Quantitative Sensory Testing (QST)
Quantitative Sensory testing is reportedly more sensitive than the NCS since only 25% of the large myelinated nerve fibers need to be conducting normally in order to yield a normal nerve conduction test. A – Beta fibers are the fibers of the peripheral nerve that allow the skin to feel the sensation of touch. Nerve density is defined as the number of nerve fibers per mm2. The nerve threshold is the minimum amount of force necessary to cause the touch receptors to fire. With nerve degeneration it is more difficult to distinguish 2 points from 1 point. Static and moving two point discrimination typically test the innervation density. Threshold tests would include vibrometry and Semmes Weinstein monofilament testing (SWT). Vibrometry is relatively insensitive to early changes and is not commonly used. Semmes Weinstein testing involves placing nylon filaments of varying thickness on the skin until the filament is seen to deflect. The test is repeated with varying diameter filaments until the threshold is determined. Abnormal SWT is consistent with nerve demyelination.
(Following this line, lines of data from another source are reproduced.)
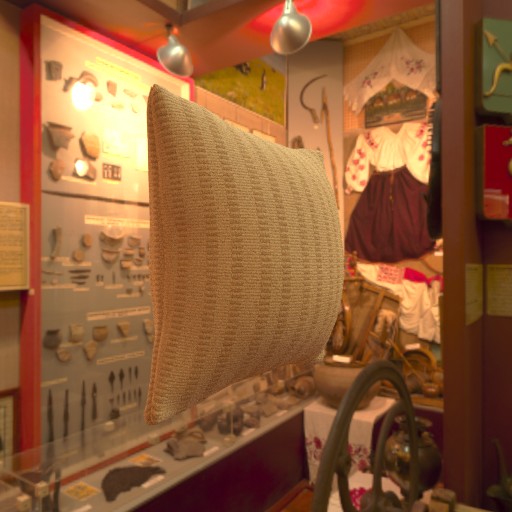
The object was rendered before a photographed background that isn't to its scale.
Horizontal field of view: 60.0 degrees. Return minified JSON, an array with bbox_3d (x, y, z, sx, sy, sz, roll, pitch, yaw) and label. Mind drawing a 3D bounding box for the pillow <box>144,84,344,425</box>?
[{"bbox_3d":[0.000,0.000,0.711,0.247,0.419,0.438,0,-1,36],"label":"pillow"}]
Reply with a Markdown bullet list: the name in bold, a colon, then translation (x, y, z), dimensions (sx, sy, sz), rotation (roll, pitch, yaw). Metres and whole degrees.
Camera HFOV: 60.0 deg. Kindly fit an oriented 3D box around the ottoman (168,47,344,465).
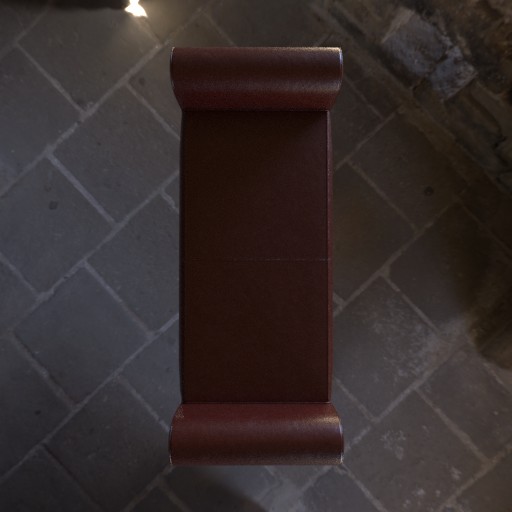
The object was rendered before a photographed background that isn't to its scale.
- **ottoman**: translation (0.000, 0.000, 1.549), dimensions (0.521, 0.547, 1.256), rotation (0, 89, 0)
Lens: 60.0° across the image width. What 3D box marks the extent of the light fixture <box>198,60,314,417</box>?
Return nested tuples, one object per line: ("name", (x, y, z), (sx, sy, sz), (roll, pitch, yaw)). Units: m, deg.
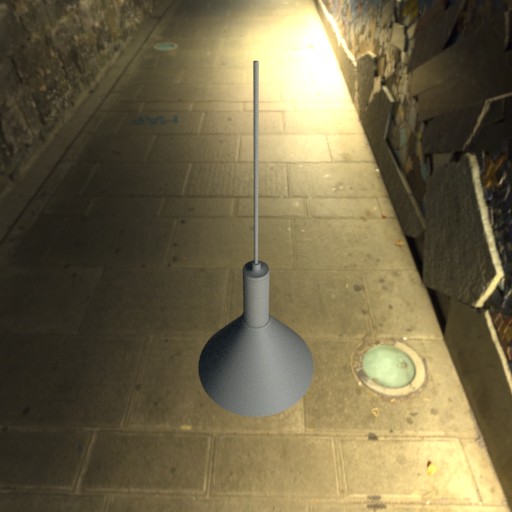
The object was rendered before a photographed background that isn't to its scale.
("light fixture", (0.000, 0.000, 0.810), (0.267, 0.683, 0.267), (11, 42, 12))
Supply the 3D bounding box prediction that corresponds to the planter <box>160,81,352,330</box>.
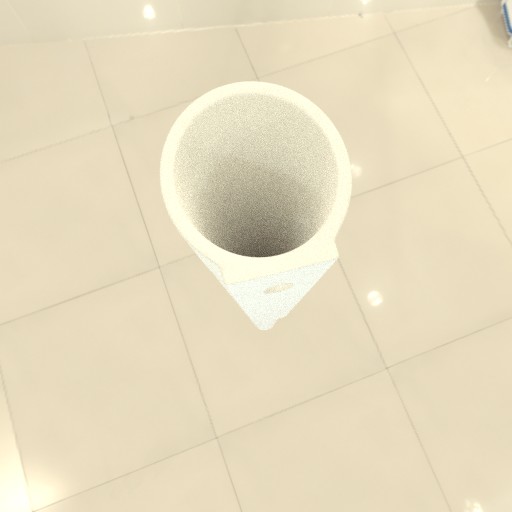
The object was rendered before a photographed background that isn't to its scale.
[{"bbox_3d":[0.000,0.000,0.226,0.057,0.193,0.064,-14,75,-4],"label":"planter"}]
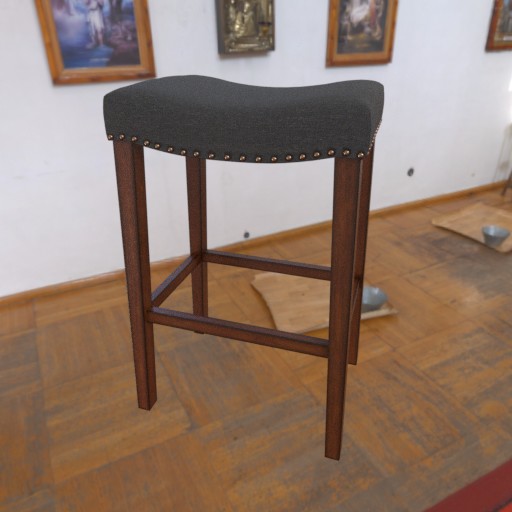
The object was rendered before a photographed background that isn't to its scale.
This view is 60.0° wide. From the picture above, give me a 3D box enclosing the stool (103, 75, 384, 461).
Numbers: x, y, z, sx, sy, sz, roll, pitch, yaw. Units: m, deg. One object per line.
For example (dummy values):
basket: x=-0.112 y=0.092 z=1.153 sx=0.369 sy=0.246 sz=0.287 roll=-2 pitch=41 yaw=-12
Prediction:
stool: x=0.000 y=0.000 z=1.027 sx=0.502 sy=0.760 sz=0.366 roll=8 pitch=28 yaw=16
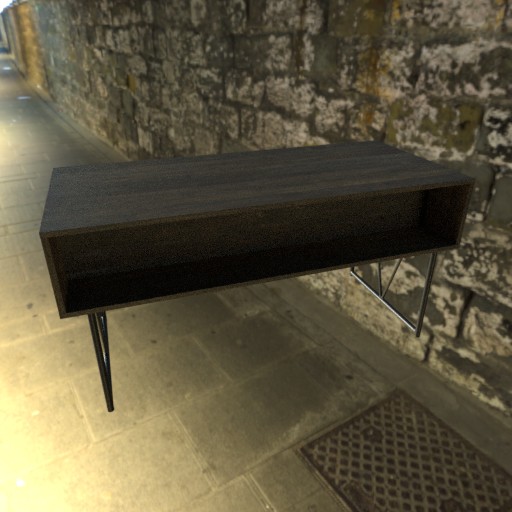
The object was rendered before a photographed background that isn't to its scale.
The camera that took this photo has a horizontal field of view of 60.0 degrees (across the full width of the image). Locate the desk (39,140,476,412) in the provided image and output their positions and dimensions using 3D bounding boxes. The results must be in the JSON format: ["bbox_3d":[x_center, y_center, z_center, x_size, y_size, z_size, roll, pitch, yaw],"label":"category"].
[{"bbox_3d":[0.000,0.000,2.017,1.600,0.780,0.730,-9,29,-17],"label":"desk"}]

Lee Dellon developed the Pressure Sensitive Specified Device (PSSD) which tests 1 point static (1PS) and 2 point static (2PS) and 1 (1PM) and 2 point moving (2PM) discrimination. 2PS is the first to go with nerve degeneration, 1 PM is the first to return with nerve regeneration. He has likened an increased pressure threshold to increased distal latency or decreased conduction velocity as no nerve fibers have died yet, they are just demyelinated. When two point discrimination changes, this is indicative that nerve fibers are dying and it is analagous to a decrease in amplitude.Classification of Nerve Injury
Physiologic conduction block

Lundborg described a physiologic conduction block that is due to either intraneural ischemia or a metabolic (ionic) conduction block, with little or no fiber pathology.4 Intraneural ischemia impairs the ATP dependent Na+/K+ pump which stops any nerve impulse transmission. An example of this would be the reversible compression of the sciatic nerve that one may experience with prolonged sitting at a movie theater. Sensory and motor conduction across the compressed segment is blocked by this loss of circulation, but immediately recovers once the compression is released. With more prolonged ischemia intraneural edema develops hence recovery occurs over days or weeks. Axonal transport is also energy dependent hence extended ischemia may affect the nerve cell body function and viability. Irreversible nerve fiber damage does occur if the ischemia lasts more than 6-8 hours.3

Neurapraxia

The nerve connective tissue remains intact, but there is focal demyelination, which allows current leakage. The time for the action potential to reach threshold at successive nodes is consequently prolonged. Partial lesions demonstrate slowing due to the loss of faster conducting fibers or demyelination of surviving fibers. The more protracted the compression, the slower the nerve conduction velocity ( NCV) due to repeated episodes of demyelination and subsequent remyelination. More extensive demyelination results in complete conduction block. The most apparent finding on the EMG is reduced recruitment, due to a reduced number of motor unit potentials firing more rapidly than normal.12 The clinical correlate is that of muscle weakness without denervation, but fibrillation potentials may occasionally be seen.